今でこそ筒井は、全国大会を狙える程の優秀な水泳選手だ。しかし彼は、生まれつき運動神経が良い訳ではなかった。小さい頃は僕よりも足が遅かったくらいだ。でも、中学に進学する前後から、いつの間にか筒井は水泳を始めた。そして、必死に努力し始めた。どれだけ暑くても、どれだけ寒くても、日が出たら練習、授業が終わり、日が暮れるまで練習。成長期も重なり、どんどん体が大きくなって、身長は今でも僕と左程変わらないものの、体の厚みは二倍くらいだ。そして高校に進学する頃には、良い成績を残すようになっていった。
今年の夏は、夏季全国大会への出場条件の標準タイムがあとコンマ数秒足りなかったそうだ。けれども、筒井は決してヘコタレないし、諦めない。だから、今も必死で努力を続けているらしい。もしこのまま春季全国大会に筒井が出場することになれば、まさに快挙だ。〈短命〉の人が全国大会へ出るなど、聞いたことがない。
だから、素直に尊敬する。すごいな、と思う。
「意外だな」
筒井は、その言葉だけでなく、表情まで意外そうに、目をぱちくりさせた。
「そう?」
筒井のその意外そうな表情の方が、僕には意外だった。でも、たしかに、今まで筒井のことを素直に褒めたことなど、あまりなかったかもしれない。
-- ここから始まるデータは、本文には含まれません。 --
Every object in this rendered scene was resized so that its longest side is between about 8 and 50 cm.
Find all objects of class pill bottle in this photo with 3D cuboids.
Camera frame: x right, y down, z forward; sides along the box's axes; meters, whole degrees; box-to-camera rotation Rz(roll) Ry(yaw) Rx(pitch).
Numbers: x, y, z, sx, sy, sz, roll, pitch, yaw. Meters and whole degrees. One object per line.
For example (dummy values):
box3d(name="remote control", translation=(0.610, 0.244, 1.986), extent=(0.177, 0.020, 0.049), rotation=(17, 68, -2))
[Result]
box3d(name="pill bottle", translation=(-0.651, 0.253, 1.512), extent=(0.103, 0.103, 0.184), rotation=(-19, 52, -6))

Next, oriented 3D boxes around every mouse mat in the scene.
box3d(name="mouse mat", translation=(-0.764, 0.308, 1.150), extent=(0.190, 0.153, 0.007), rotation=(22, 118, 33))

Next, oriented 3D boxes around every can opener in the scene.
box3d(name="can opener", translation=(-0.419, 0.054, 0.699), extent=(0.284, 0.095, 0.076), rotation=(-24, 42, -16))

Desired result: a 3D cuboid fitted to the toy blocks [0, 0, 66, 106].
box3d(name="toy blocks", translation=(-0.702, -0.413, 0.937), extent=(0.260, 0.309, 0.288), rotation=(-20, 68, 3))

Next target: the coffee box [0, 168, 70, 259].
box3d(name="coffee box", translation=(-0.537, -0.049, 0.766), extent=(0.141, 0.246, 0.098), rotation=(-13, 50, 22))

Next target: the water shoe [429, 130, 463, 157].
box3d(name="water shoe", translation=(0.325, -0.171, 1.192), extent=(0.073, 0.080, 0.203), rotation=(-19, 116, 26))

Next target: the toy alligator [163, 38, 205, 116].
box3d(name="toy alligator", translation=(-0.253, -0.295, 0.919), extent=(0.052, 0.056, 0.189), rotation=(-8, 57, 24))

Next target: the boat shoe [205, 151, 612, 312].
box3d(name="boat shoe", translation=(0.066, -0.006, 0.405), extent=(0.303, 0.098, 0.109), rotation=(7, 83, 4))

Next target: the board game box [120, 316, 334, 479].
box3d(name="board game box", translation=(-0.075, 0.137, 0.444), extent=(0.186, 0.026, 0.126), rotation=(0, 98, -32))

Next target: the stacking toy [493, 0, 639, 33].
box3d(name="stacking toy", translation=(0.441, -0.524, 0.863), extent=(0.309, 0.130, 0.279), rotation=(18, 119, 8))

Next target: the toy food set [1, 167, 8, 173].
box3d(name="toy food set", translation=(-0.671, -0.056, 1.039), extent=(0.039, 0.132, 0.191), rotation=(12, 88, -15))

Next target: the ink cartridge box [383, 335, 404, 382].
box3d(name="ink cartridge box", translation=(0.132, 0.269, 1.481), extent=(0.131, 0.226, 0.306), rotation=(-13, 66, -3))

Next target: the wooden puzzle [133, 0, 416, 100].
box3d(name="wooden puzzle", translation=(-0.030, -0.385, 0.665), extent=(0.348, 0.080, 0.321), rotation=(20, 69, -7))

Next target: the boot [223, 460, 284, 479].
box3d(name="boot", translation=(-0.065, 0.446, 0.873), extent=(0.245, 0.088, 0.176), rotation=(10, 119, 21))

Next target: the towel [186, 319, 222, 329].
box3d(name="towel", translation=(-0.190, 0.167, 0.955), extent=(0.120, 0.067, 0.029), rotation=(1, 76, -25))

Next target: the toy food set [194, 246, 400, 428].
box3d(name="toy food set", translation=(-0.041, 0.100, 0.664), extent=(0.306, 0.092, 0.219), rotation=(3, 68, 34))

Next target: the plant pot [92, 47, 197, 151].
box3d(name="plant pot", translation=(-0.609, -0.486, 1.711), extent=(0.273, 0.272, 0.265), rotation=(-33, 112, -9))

「いや、『しない』じゃなくて……『できなかった』って言ったことが」
筒井は、少し訝しげな目で、僕の表情を伺うように、そして、少しだけ恐る恐る、そんなことを伝えてきた。一瞬前まで僕が考えていたこととは、全く別のことを伝えてきた。
たしかに。
何でだろうか。そもそも僕は、努力をしたいと思っていない。努力ができないのではなく、しないだけだ。
心理学者気取りの人間がいれば、それはお前の深層心理だ、とか指摘してくるかもしれないが、僕は明確にそうではないと言える。〈短命〉の僕には可能性が無い。夢も希望も、何も無い。だから、努力なんてしない。これは、諦めとか、悟りだとか、そういうものではなく、動かしがたい事実であり、しっかりと納得していることだ。だから単純に、言葉を間違えただけだ。
「たしかに。支離滅裂だったね」
「ん? 別に、支離滅裂ではないぞ」
「いや、『これまでの自分』っていう文脈から考えると、支離滅裂な発言だよ」
「めんどくせぇ……」
筒井は、酷く面倒臭そうな顔をした。
その顔が何だかおかしくて、僕は笑った。筒井も笑った。
「しつこいかもしれんが、こんなこと、俺しかお前に聞けない。だから、承知の上だけど、あえてもう一度聞くぞ。……お前はこれで、いいんだよな」
十秒程度続いた笑い声がひと段落すると、筒井は、分かりやすい、そして優しくて甘い保険をたっぷりとかけて、少し真剣な目で、僕にそう問うてきた。
「うん。僕は、十分だよ。全部、納得している」
僕の答えは変わらない。僕は、僕の人生に納得している。
筒井はやっと上手い具合にイチゴを生クリームでコーティングすることができたのか、満足そうにそれを眺めると、ぱくっと一口で食べた。
長々と時間を掛けてコーティングしたそれも、ほんの一瞬で消えてしまう。
筒井がイチゴのコーティングに投資した時間と労力の対価は、数十秒後にはもう忘れているであろう、そんな甘味だけだ。